PEX Network: Can you give some examples of initiatives to deal with complexity -
outlining the challenges and solutions used to overcome them?
Raju Oak: Complexity tends to arise in contexts characterized by:
• A network of related entities;
3. • That have behaviors determined by (often dynamic and recursive) relationships
which can in turn depend on other relationships;
• That all tend to share resources;
• That are characterized by distributed ownership; and
• That pursues different (often conflicting) outcomes at the micro and the macro
levels.
Examples are:
• Within organizations - Strategy and Performance Management, Enterprise
Architecture and IT Asset Management, Change and Transformation,
Compliance, etc…
• Within industries - complex value chains (consider the payments industry), large
program management, administration of complex financial/legal structures, etc.

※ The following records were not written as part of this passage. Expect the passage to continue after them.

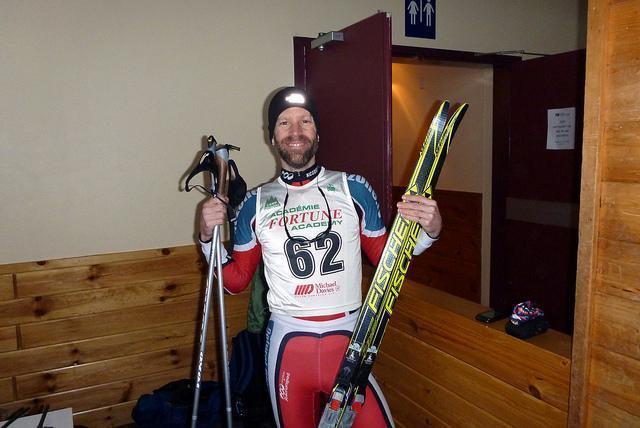How many people are visible?
Give a very brief answer. 1. How many red cars are there?
Give a very brief answer. 0. 
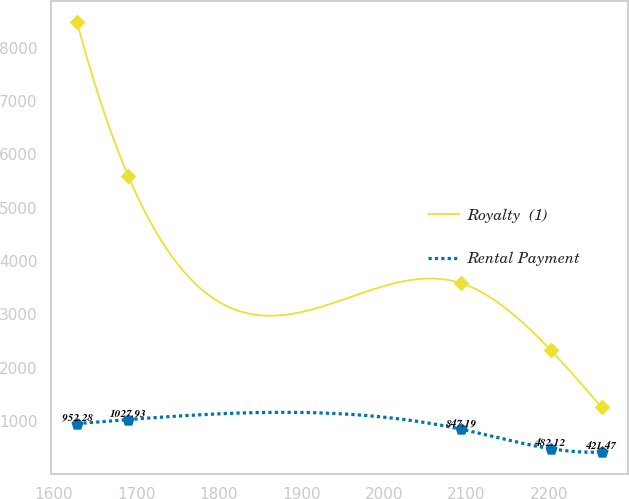Convert chart to OTSL. <chart><loc_0><loc_0><loc_500><loc_500><line_chart><ecel><fcel>Royalty  (1)<fcel>Rental Payment<nl><fcel>1628.03<fcel>8475.26<fcel>952.28<nl><fcel>1689.99<fcel>5598.08<fcel>1027.93<nl><fcel>2093.71<fcel>3584.79<fcel>847.19<nl><fcel>2202.26<fcel>2331.82<fcel>482.12<nl><fcel>2264.22<fcel>1255.11<fcel>421.47<nl></chart> 
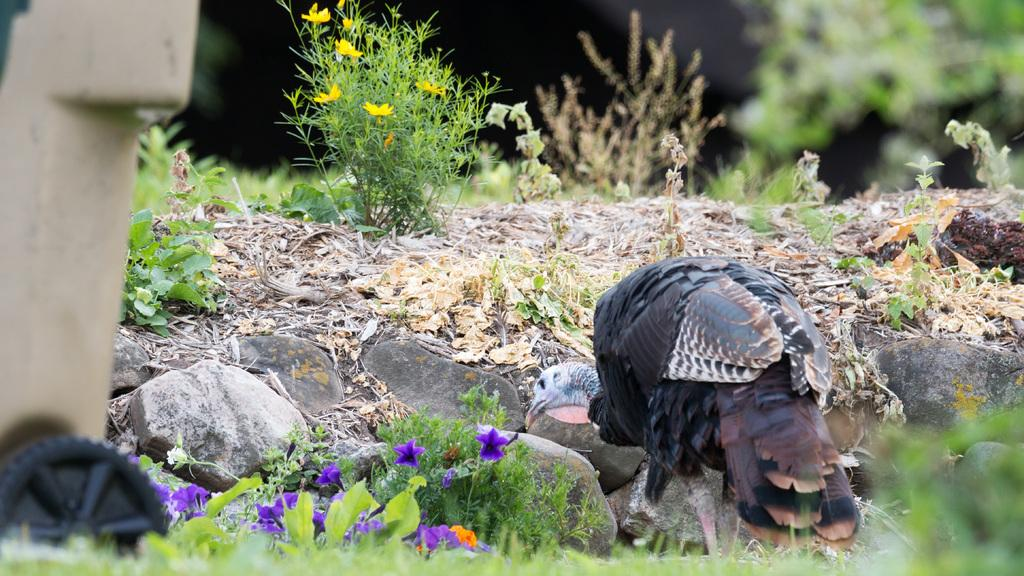What type of animal can be seen in the image? There is a bird in the image. What other elements are present in the image besides the bird? There are plants and rocks on the ground in the image. Where is the dustbin located in the image? The dustbin is on the left side of the image. Can you describe the interaction between the cub and its parent in the image? There is no cub or parent present in the image; it features a bird, plants, rocks, and a dustbin. 
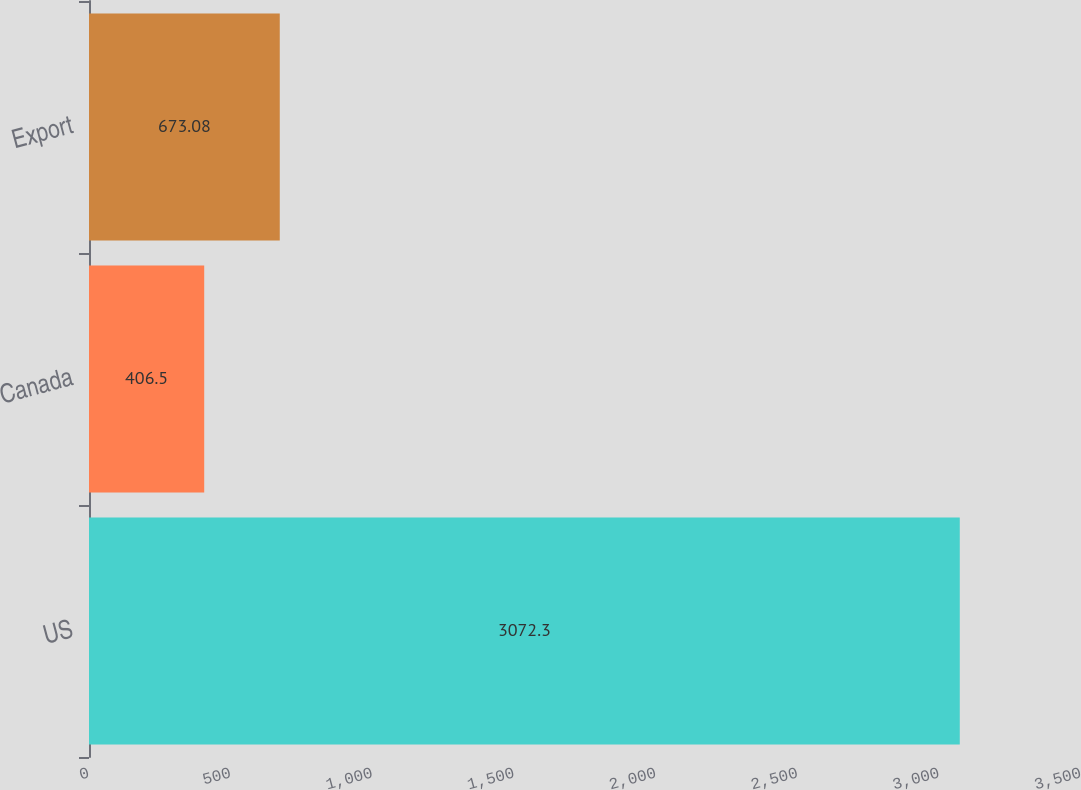<chart> <loc_0><loc_0><loc_500><loc_500><bar_chart><fcel>US<fcel>Canada<fcel>Export<nl><fcel>3072.3<fcel>406.5<fcel>673.08<nl></chart> 
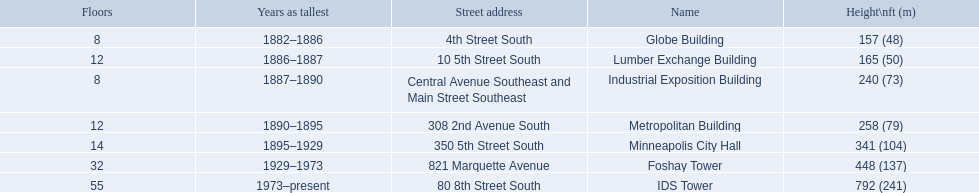What years was 240 ft considered tall? 1887–1890. What building held this record? Industrial Exposition Building. What are the heights of the buildings? 157 (48), 165 (50), 240 (73), 258 (79), 341 (104), 448 (137), 792 (241). What building is 240 ft tall? Industrial Exposition Building. 
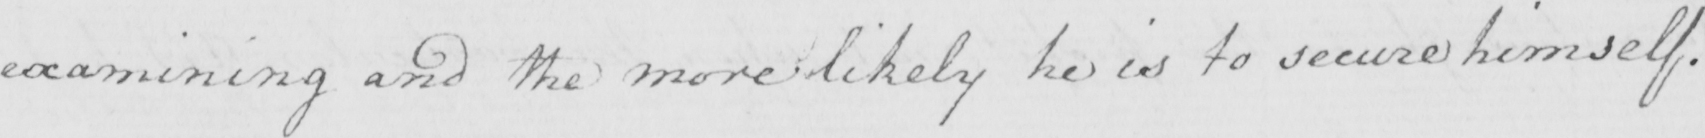What does this handwritten line say? examining and the more likely he is to secure himself . 
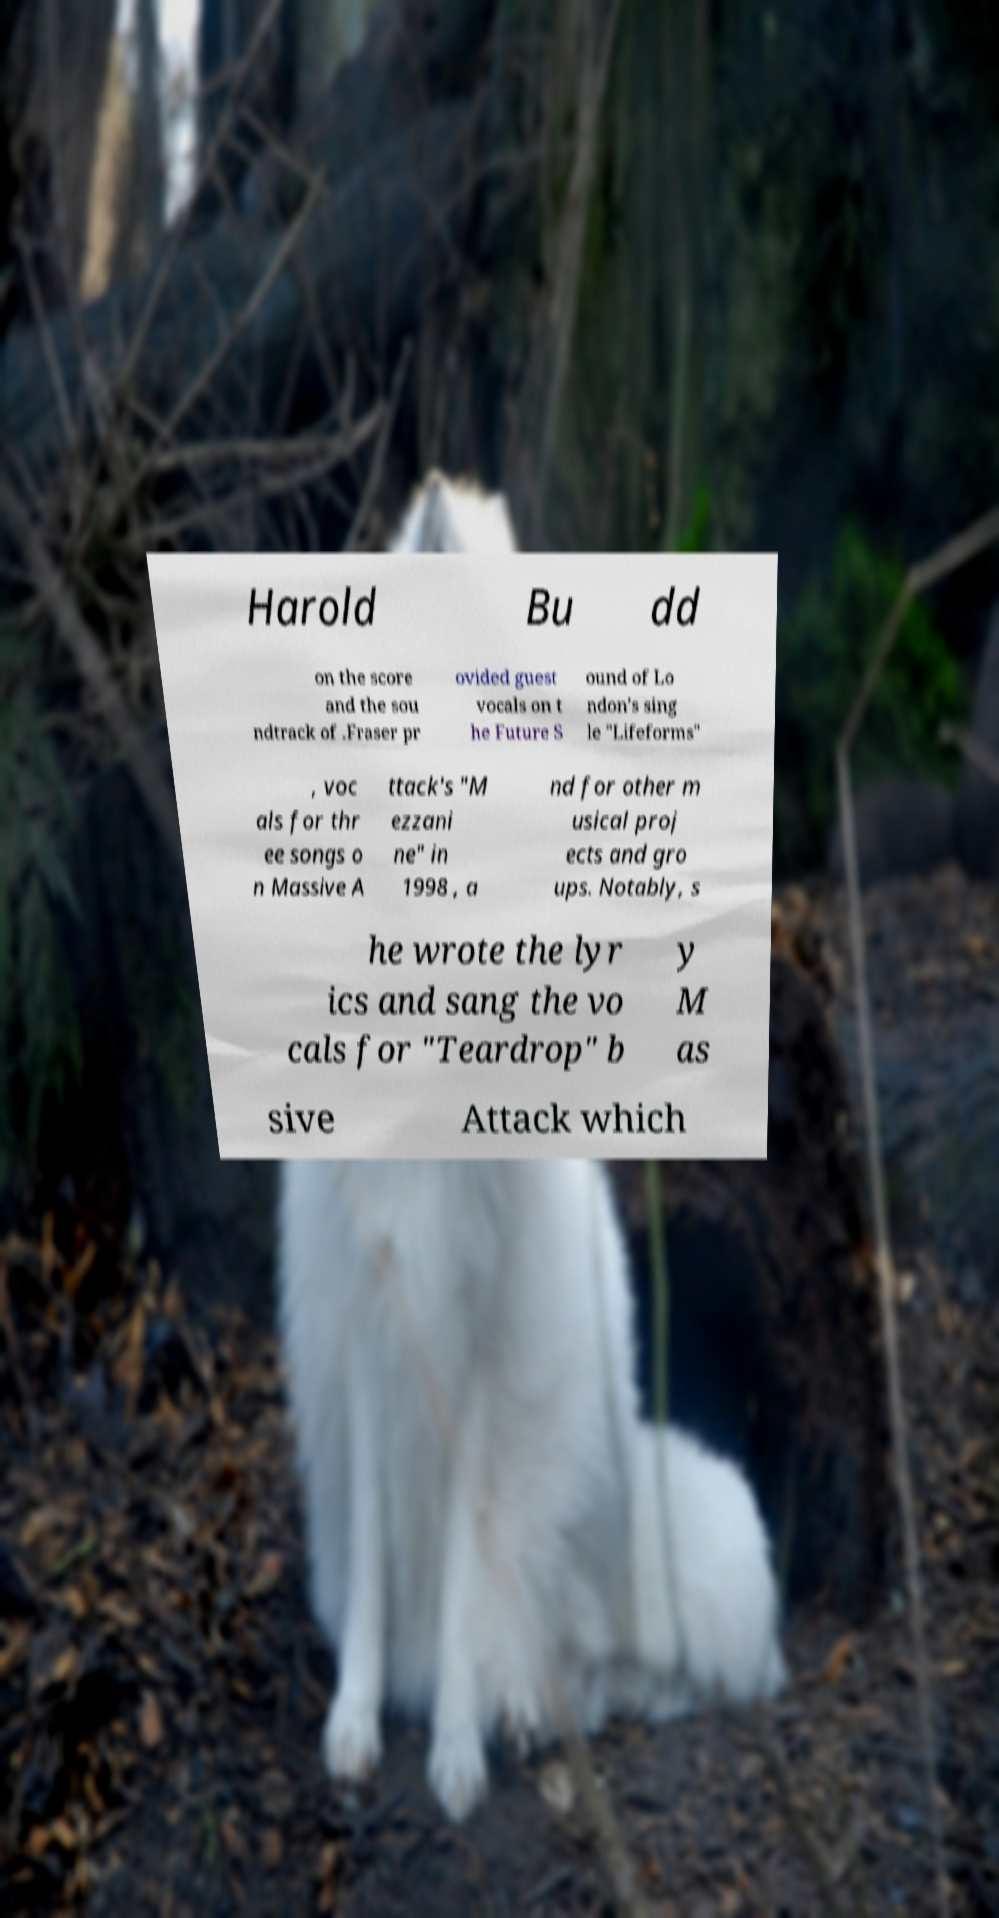I need the written content from this picture converted into text. Can you do that? Harold Bu dd on the score and the sou ndtrack of .Fraser pr ovided guest vocals on t he Future S ound of Lo ndon's sing le "Lifeforms" , voc als for thr ee songs o n Massive A ttack's "M ezzani ne" in 1998 , a nd for other m usical proj ects and gro ups. Notably, s he wrote the lyr ics and sang the vo cals for "Teardrop" b y M as sive Attack which 
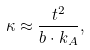Convert formula to latex. <formula><loc_0><loc_0><loc_500><loc_500>\kappa \approx \frac { t ^ { 2 } } { b \cdot k _ { A } } ,</formula> 
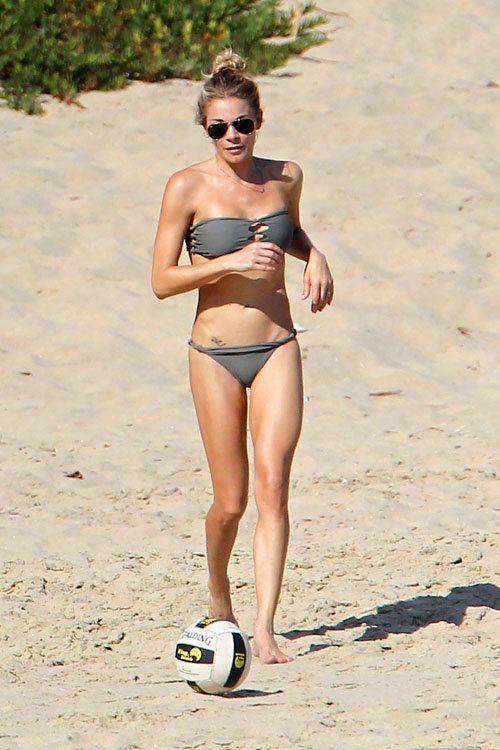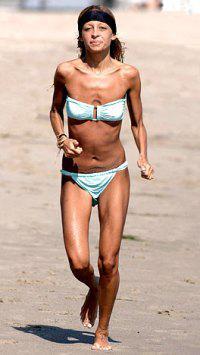The first image is the image on the left, the second image is the image on the right. Analyze the images presented: Is the assertion "The female on the right image has her hair tied up." valid? Answer yes or no. No. The first image is the image on the left, the second image is the image on the right. Examine the images to the left and right. Is the description "One woman is standing in the water." accurate? Answer yes or no. No. 
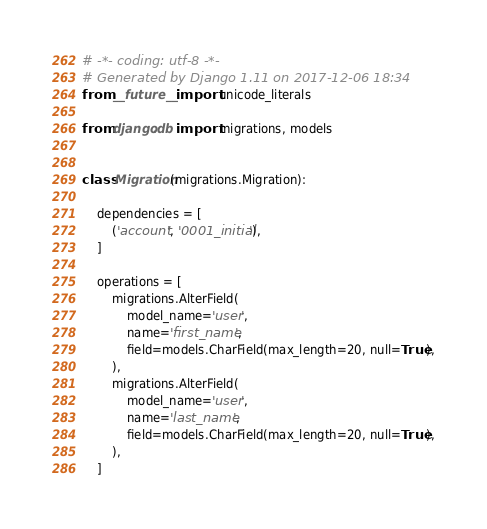Convert code to text. <code><loc_0><loc_0><loc_500><loc_500><_Python_># -*- coding: utf-8 -*-
# Generated by Django 1.11 on 2017-12-06 18:34
from __future__ import unicode_literals

from django.db import migrations, models


class Migration(migrations.Migration):

    dependencies = [
        ('account', '0001_initial'),
    ]

    operations = [
        migrations.AlterField(
            model_name='user',
            name='first_name',
            field=models.CharField(max_length=20, null=True),
        ),
        migrations.AlterField(
            model_name='user',
            name='last_name',
            field=models.CharField(max_length=20, null=True),
        ),
    ]
</code> 
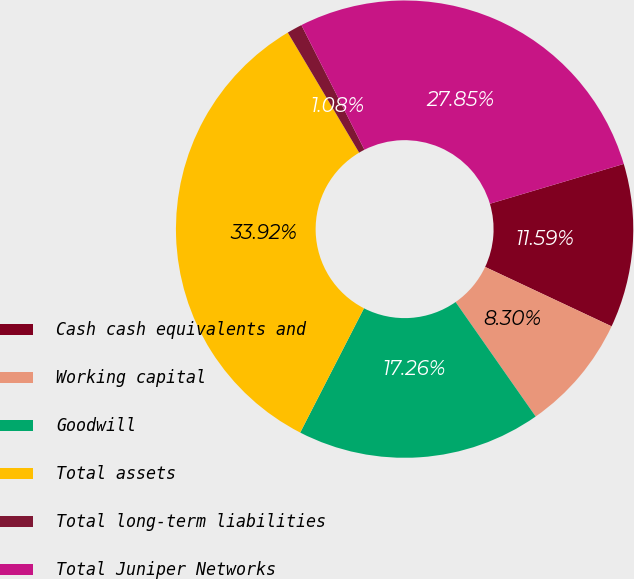Convert chart to OTSL. <chart><loc_0><loc_0><loc_500><loc_500><pie_chart><fcel>Cash cash equivalents and<fcel>Working capital<fcel>Goodwill<fcel>Total assets<fcel>Total long-term liabilities<fcel>Total Juniper Networks<nl><fcel>11.59%<fcel>8.3%<fcel>17.26%<fcel>33.92%<fcel>1.08%<fcel>27.85%<nl></chart> 
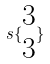<formula> <loc_0><loc_0><loc_500><loc_500>s \{ \begin{matrix} 3 \\ 3 \end{matrix} \}</formula> 
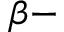<formula> <loc_0><loc_0><loc_500><loc_500>\beta -</formula> 
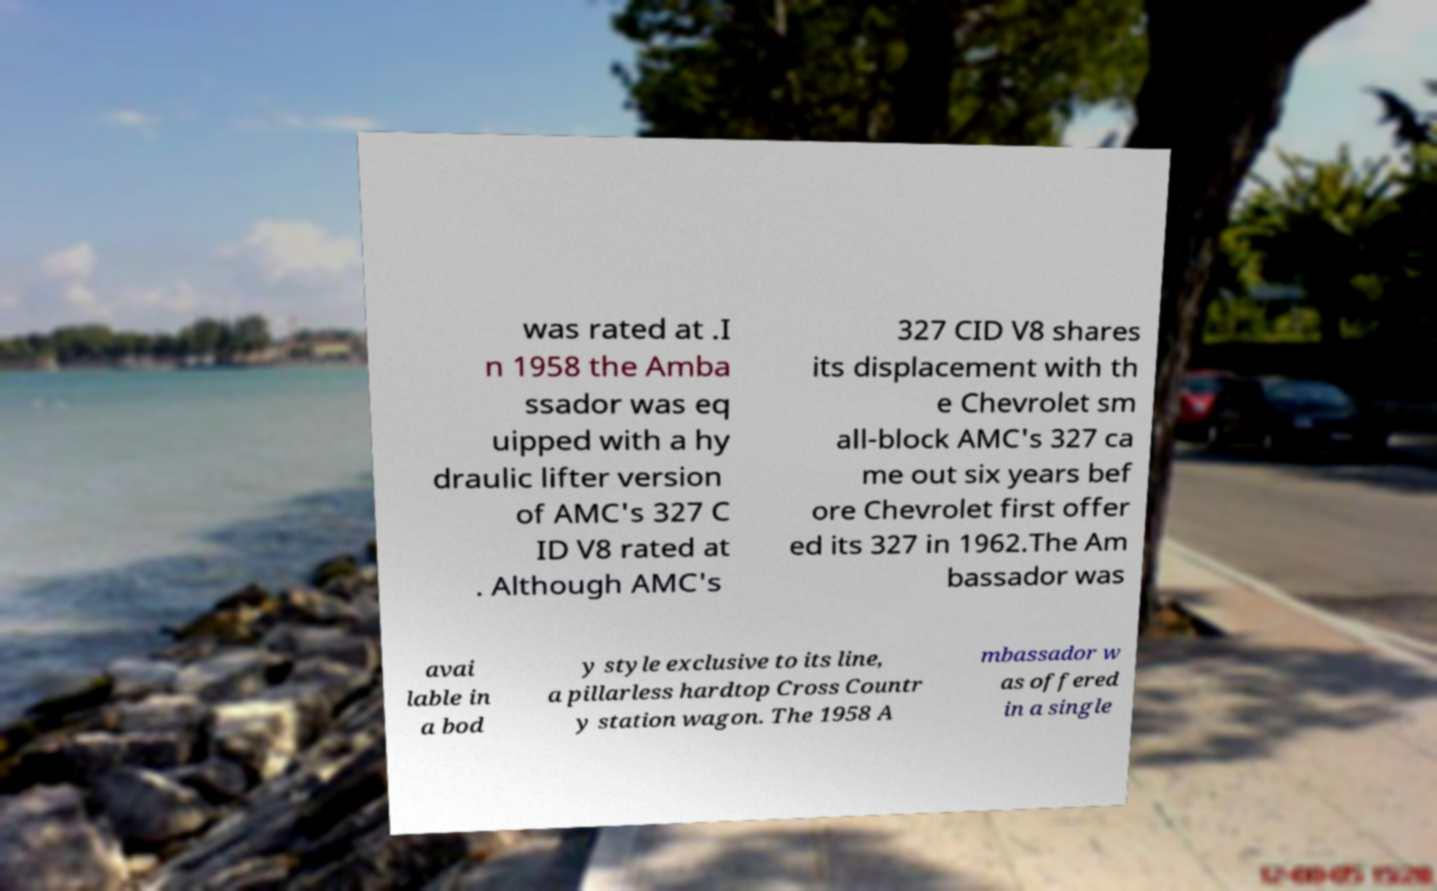Could you assist in decoding the text presented in this image and type it out clearly? was rated at .I n 1958 the Amba ssador was eq uipped with a hy draulic lifter version of AMC's 327 C ID V8 rated at . Although AMC's 327 CID V8 shares its displacement with th e Chevrolet sm all-block AMC's 327 ca me out six years bef ore Chevrolet first offer ed its 327 in 1962.The Am bassador was avai lable in a bod y style exclusive to its line, a pillarless hardtop Cross Countr y station wagon. The 1958 A mbassador w as offered in a single

Successful initiatives dealing with complexity are characterized by:
• Clarity on outcomes;
• Emphasizing understanding before transformation;
• Multiple parallel but coordinated actions in a divergence/convergence learning
pattern;
• Focus on building capability in managing complexity rather than purely on
complexity resolution
PEX Network: What top tips can you offer to businesses looking to avoid common
pitfalls?
Raju Oak: My top tips would be:
• It is very important to recognize complexity as it is easy to confuse it with
complicatedness;
• Managing complexity requires a very different approach as compared to
managing complicated processes;
• Less is often more when dealing with complexity;
• Stability and understanding must precede predictability and change when
planning transformations involving complexity; and
• Understanding is continuous and dynamic. What one understood yesterday may
not be relevant today.
PEX Network: And finally, what is the one take-away that you would like attendees
at the Summit to get from your session?
Raju Oak: At the heart of complex processes (and indeed complexity) is the dynamic
interdependence of its constituents, and the understanding and visibility of those
interdependencies must precede any successful attempt to manage complex processes.